▸ Assignment: Return, exactly, the line that contains "- person <box>989,648,998,655</box>" together with all lines after it to the end of the entries, and no further lines.

▸ Material shown:
▬▬▬▬▬▬
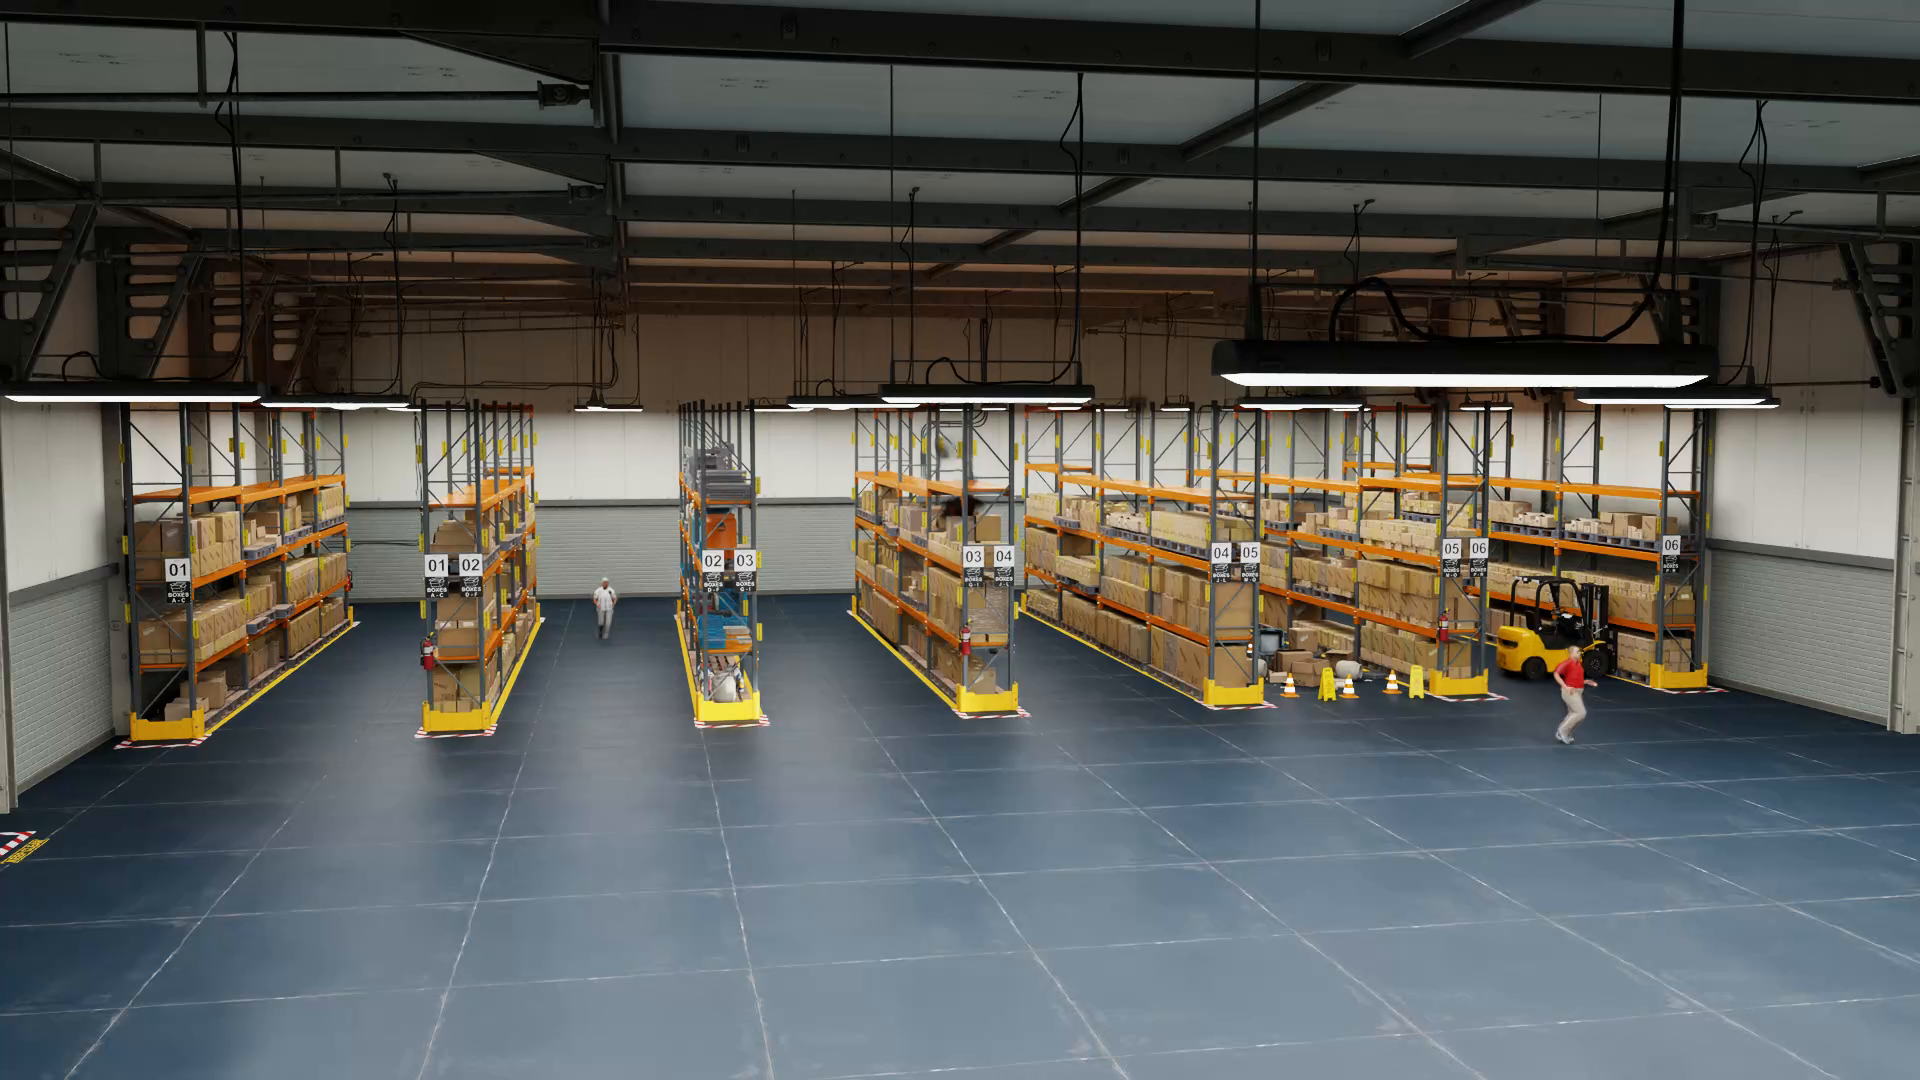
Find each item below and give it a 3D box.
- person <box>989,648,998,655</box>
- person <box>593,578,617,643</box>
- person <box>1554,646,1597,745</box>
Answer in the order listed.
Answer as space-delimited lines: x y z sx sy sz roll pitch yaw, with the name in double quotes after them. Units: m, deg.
▬▬▬▬▬▬
▸ Written answer:
- person <box>989,648,998,655</box>
- person <box>593,578,617,643</box>
- person <box>1554,646,1597,745</box>
Answer in the order listed.
Answer as space-delimited lines: x y z sx sy sz roll pitch yaw, with the name in double quotes after them. Units: m, deg.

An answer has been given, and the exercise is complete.